Mergers have been slowly declining since the financial crisis, recession fears reduce corporate activity and I would expect companies have enough problems keeping their own business afloat without thinking about buying more. It is also much harder to get the credit required for large acquisitions and the fall in share prices makes it harder to justify using these “undervalued” shares as a method of payment.
Yahoo Finance

Institute of Mergers, Acquisitions and Alliances
Looking at the two charts here you can see that there is a very strong correlation between the value of mergers involving and the FTSE 100, a similar comparison could be made with markets across the world. Now that markets are on the rise again we could potentially see mergers begin to increase again and certainly the value will continue to rise.
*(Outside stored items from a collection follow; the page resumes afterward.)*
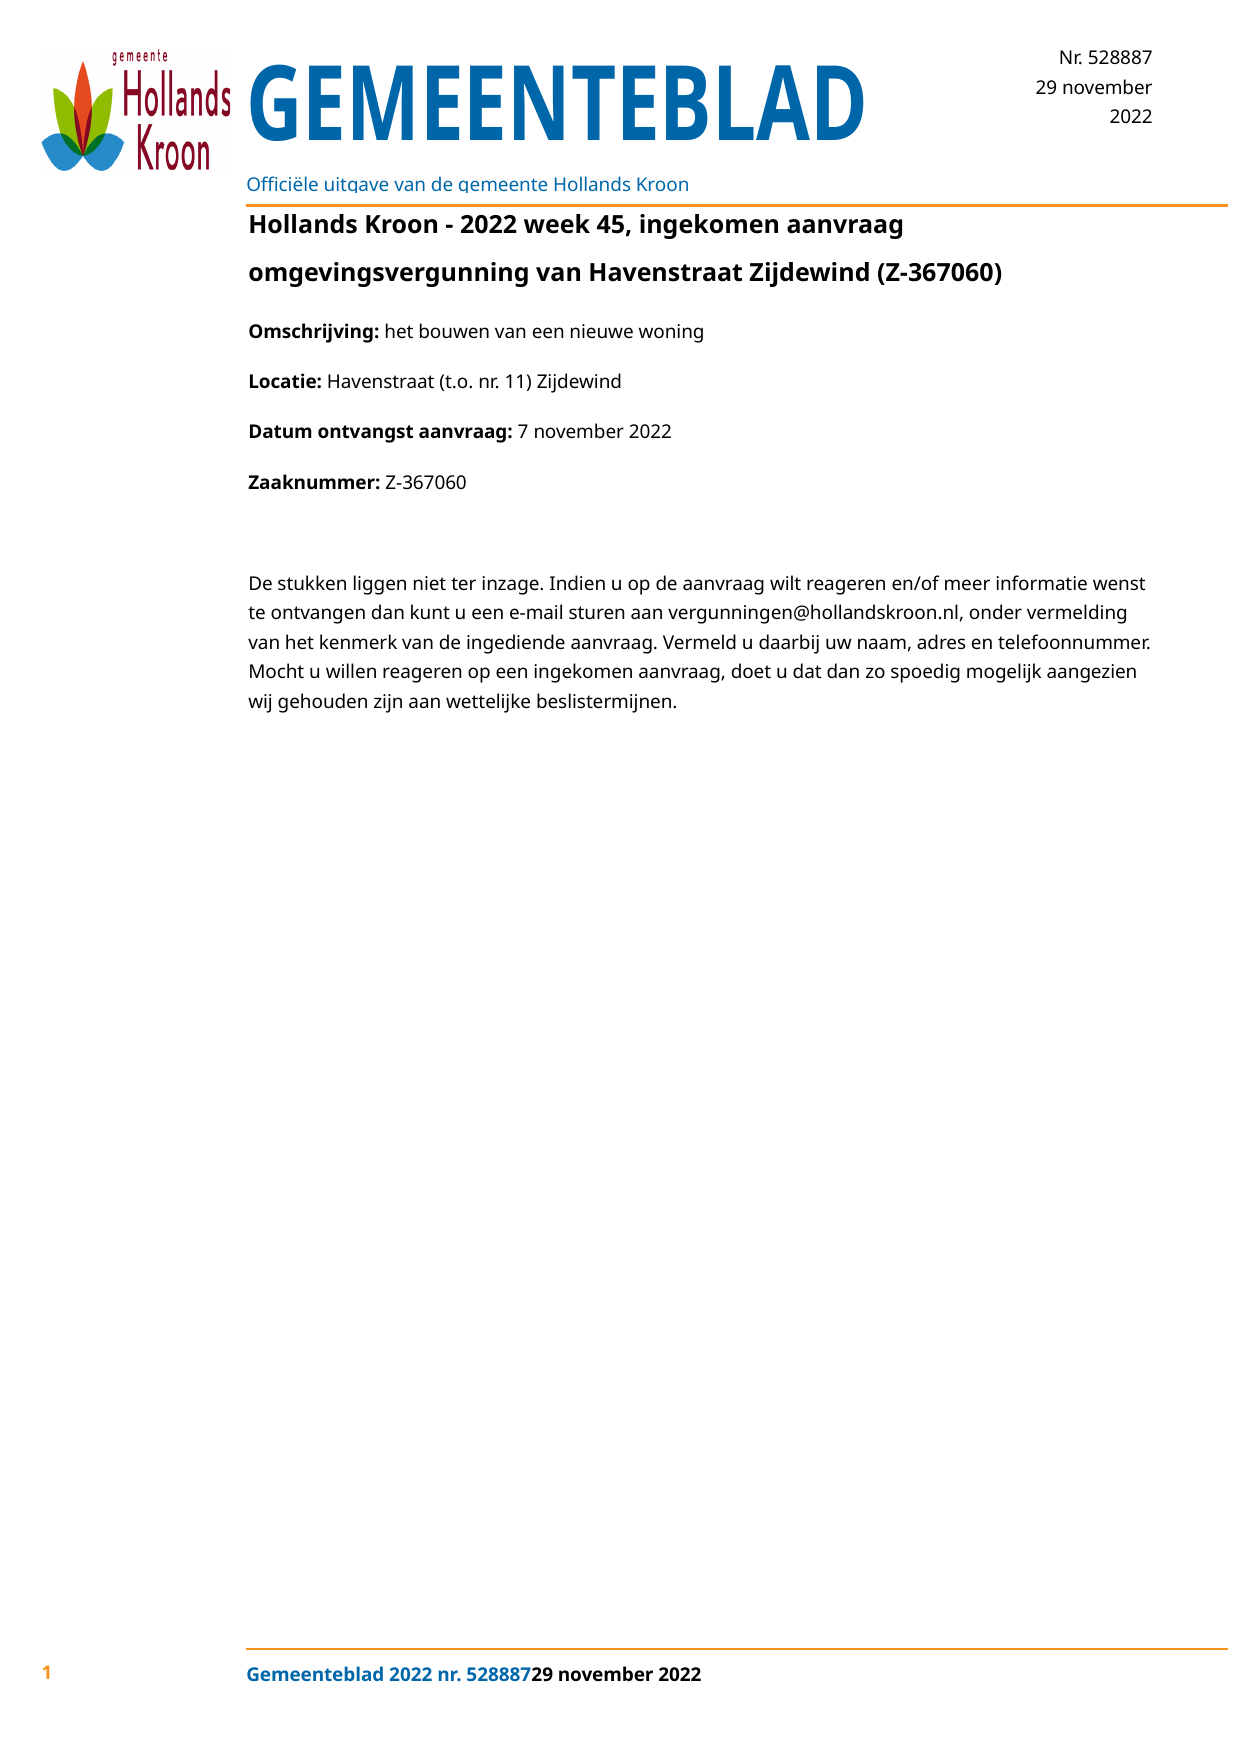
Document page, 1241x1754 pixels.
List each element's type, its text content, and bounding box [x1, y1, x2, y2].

text Zaaknummer: Z-367060 [248, 469, 1152, 495]
text Omschrijving: het bouwen van een nieuwe woning [248, 318, 1152, 344]
text Hollands Kroon - 2022 week 45, ingekomen aanvraag omgevingsvergunning van Havenstraat Zijdewind (Z-367060) [248, 207, 1152, 288]
text Locatie: Havenstraat (t.o. nr. 11) Zijdewind [248, 368, 1152, 394]
text De stukken liggen niet ter inzage. Indien u op de aanvraag wilt reageren en/of meer informatie wenst te ontvangen dan kunt u een e-mail sturen aan vergunningen@hollandskroon.nl, onder vermelding van het kenmerk van de ingediende aanvraag. Vermeld u daarbij uw naam, adres en telefoonnummer. Mocht u willen reageren op een ingekomen aanvraag, doet u dat dan zo spoedig mogelijk aangezien wij gehouden zijn aan wettelijke beslistermijnen. [248, 570, 1152, 714]
picture [41, 47, 231, 172]
text Datum ontvangst aanvraag: 7 november 2022 [248, 419, 1152, 444]
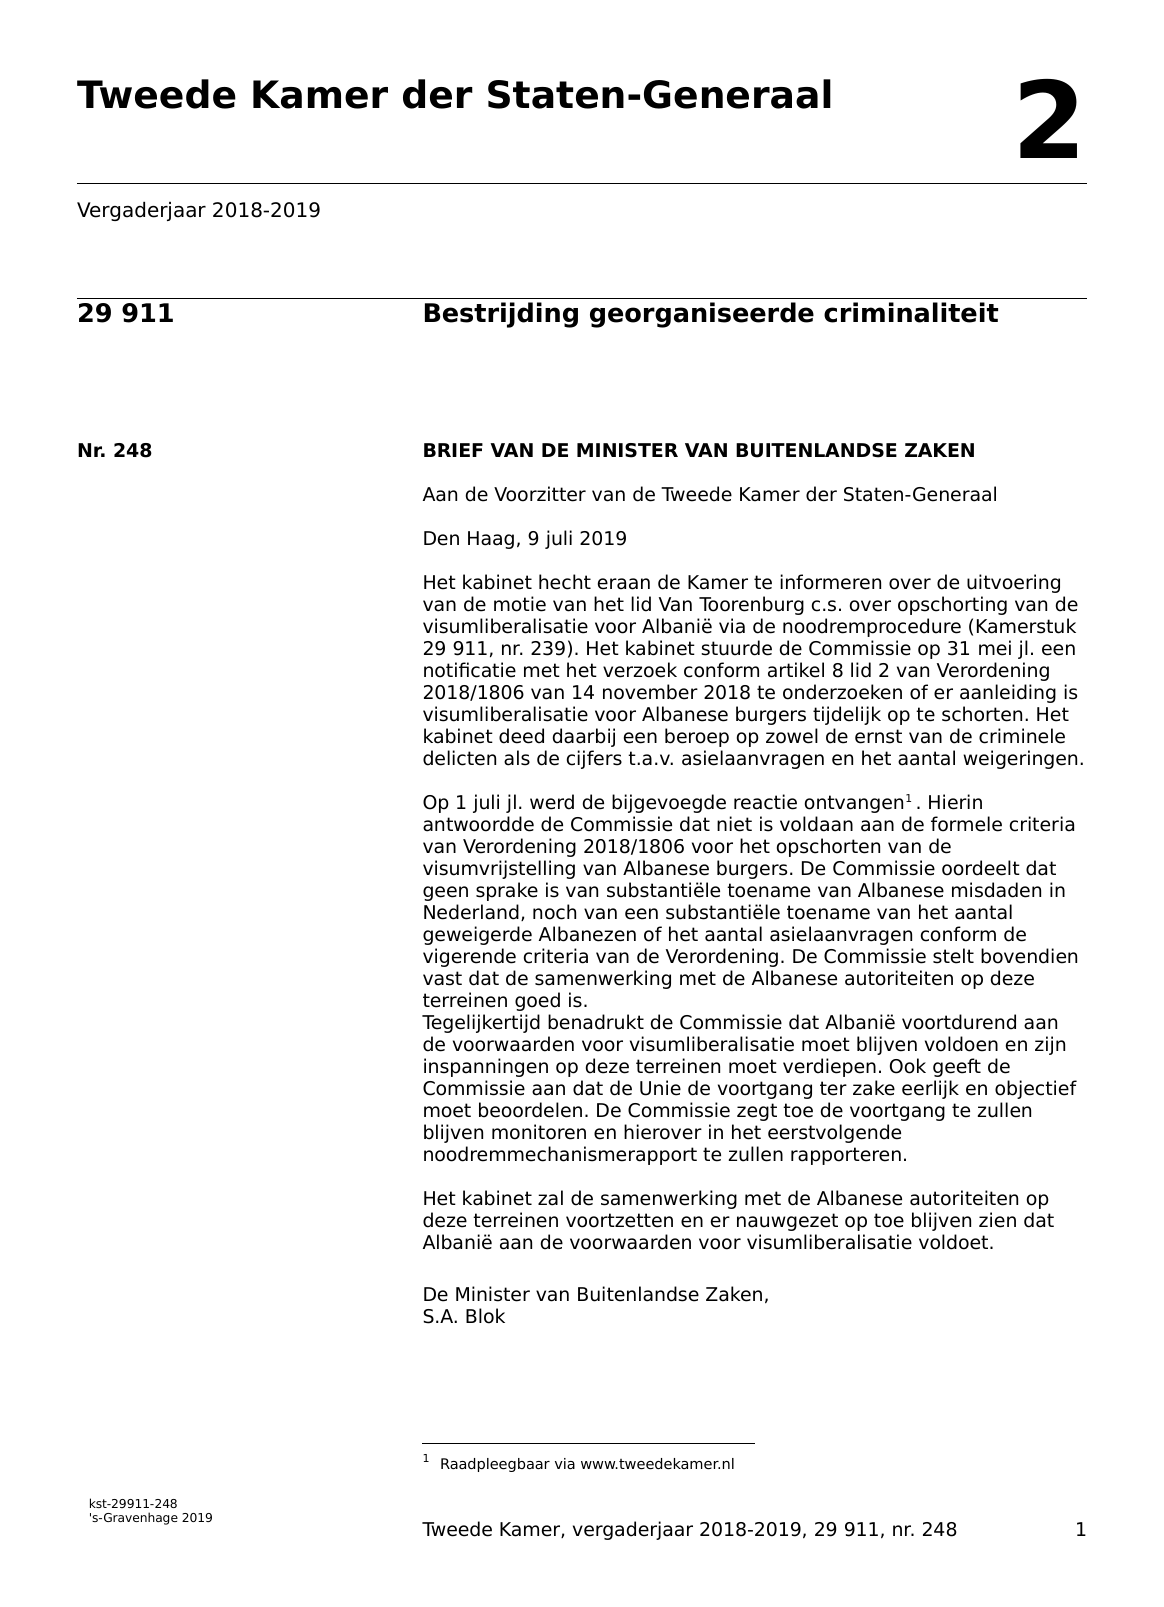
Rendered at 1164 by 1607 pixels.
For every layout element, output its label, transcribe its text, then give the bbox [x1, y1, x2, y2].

text Tegelijkertijd benadrukt de Commissie dat Albanië voortdurend aan de voorwaarden voor visumliberalisatie moet blijven voldoen en zijn inspanningen op deze terreinen moet verdiepen. Ook geeft de Commissie aan dat de Unie de voortgang ter zake eerlijk en objectief moet beoordelen. De Commissie zegt toe de voortgang te zullen blijven monitoren en hierover in het eerstvolgende noodremmechanismerapport te zullen rapporteren. [422, 1012, 1087, 1166]
table_cell Vergaderjaar 2018-2019 [77, 184, 1087, 298]
text 's-Gravenhage 2019 [88, 1511, 323, 1525]
subtitle Nr. 248 BRIEF VAN DE MINISTER VAN BUITENLANDSE ZAKEN [77, 440, 1087, 462]
table_header 2 [886, 59, 1087, 183]
subtitle 29 911 Bestrijding georganiseerde criminaliteit [77, 299, 1087, 329]
table_header Tweede Kamer der Staten-Generaal [77, 59, 886, 183]
text De Minister van Buitenlandse Zaken, S.A. Blok [422, 1284, 1087, 1328]
text Raadpleegbaar via www.tweedekamer.nl [422, 1452, 1087, 1474]
text Het kabinet hecht eraan de Kamer te informeren over de uitvoering van de motie van het lid Van Toorenburg c.s. over opschorting van de visumliberalisatie voor Albanië via de noodremprocedure (Kamerstuk 29 911, nr. 239). Het kabinet stuurde de Commissie op 31 mei jl. een notificatie met het verzoek conform artikel 8 lid 2 van Verordening 2018/1806 van 14 november 2018 te onderzoeken of er aanleiding is visumliberalisatie voor Albanese burgers tijdelijk op te schorten. Het kabinet deed daarbij een beroep op zowel de ernst van de criminele delicten als de cijfers t.a.v. asielaanvragen en het aantal weigeringen. [422, 572, 1087, 770]
text Het kabinet zal de samenwerking met de Albanese autoriteiten op deze terreinen voortzetten en er nauwgezet op toe blijven zien dat Albanië aan de voorwaarden voor visumliberalisatie voldoet. [422, 1188, 1087, 1254]
text kst-29911-248 [88, 1497, 323, 1511]
text Aan de Voorzitter van de Tweede Kamer der Staten-Generaal [422, 484, 1087, 506]
text Op 1 juli jl. werd de bijgevoegde reactie ontvangen. Hierin antwoordde de Commissie dat niet is voldaan aan de formele criteria van Verordening 2018/1806 voor het opschorten van de visumvrijstelling van Albanese burgers. De Commissie oordeelt dat geen sprake is van substantiële toename van Albanese misdaden in Nederland, noch van een substantiële toename van het aantal geweigerde Albanezen of het aantal asielaanvragen conform de vigerende criteria van de Verordening. De Commissie stelt bovendien vast dat de samenwerking met de Albanese autoriteiten op deze terreinen goed is. [422, 792, 1087, 1012]
text Den Haag, 9 juli 2019 [422, 528, 1087, 550]

So how do firms actually finance mergers, well one of the options is to use cash. This is the simplest way and is thought to give a greater chance of success. It also allows the acquirer’s shareholders to retain the same amount of control over the company which should keep them happy. Cash does have its downsides and it could lead to the acquirer possibly having cash flow problems if it uses the majority of its reserves and a negative for the target’s shareholders is that they may then be liable for capital gains tax.

Another popular option is to acquire a target buy providing shares to the target’s shareholders, therefore postponing capital gains tax for them and also maintaining their interest in the merged company. For the acquirer this has the advantage of there being no initial outflow of cash. On the other hand it may not meet the approval of current shareholders as their shares will now be diluted due to the change in capital structure.

Mergers are a lot of hard work and can be risky so why do companies do it? Well one reason is to increase their market power in a particular industry; benefits can also come in the form of “synergies” between the two different firms. Naturally average costs decline with a larger size and there can be an automatic increase in capacity utilization. Something all firms have to look at prior to a merger decision is whether a supplier is still producing products cheaper than a merger could produce, so must choose between internal or external production to enhance profitability.

Not all merger decisions are based purely on what makes business sense. There are also good reasons why senior managers would like to push through a merger. Being at the top of a larger company will increase a manager’s status and power and will no doubt come with a hefty pay rise. There’s also the excitement of being involved with the merger itself which can bring a great feeling of importance and emphasis a manager’s position within an organisation.

Many companies will be worried about survival and so overtaking smaller firms in a bid to increase size so that they cannot be taken over is a popular tactic.

What’s in it for shareholders?

In 1983 Jensen and Ruback conducted a survey based on US studies to gain an understanding on the average effect on share price when mergers and acquisitions take place. Interestingly the target company does very well out of a successful merger whereas there is little or no impact on the acquiring company. Looking at unsuccessful mergers, if it is a takeover then the acquiring company feels the least effect and the other way round if it is a merger. However, the share price isn’t substantially affected for either party.








It’s not just after a merger that changes in share price can happen, even talk of mergers can have a substantial impact on share price. Take for example, the news that Stryker may make a bid for Smith & Nephew, the news broke on the 24th December and within a day the price went up 7.7%, peaking as high as 10% in the morning. However, looking at Stryker’s share price there was little movement at all, less than 1%. This supports the theory that mergers and acquisitions are seen as better news for the target’s shareholders than the acquirer.
I believe that there is so much competition in every industry that mergers and acquisitions will always be a popular option for companies. Like I mentioned earlier, in many cases it is to grow so that the company is not taken over itself. Over coming years as the markets continue to rise, so will M&A activity and particulary on a global scale as companies try to extend their reach across the world.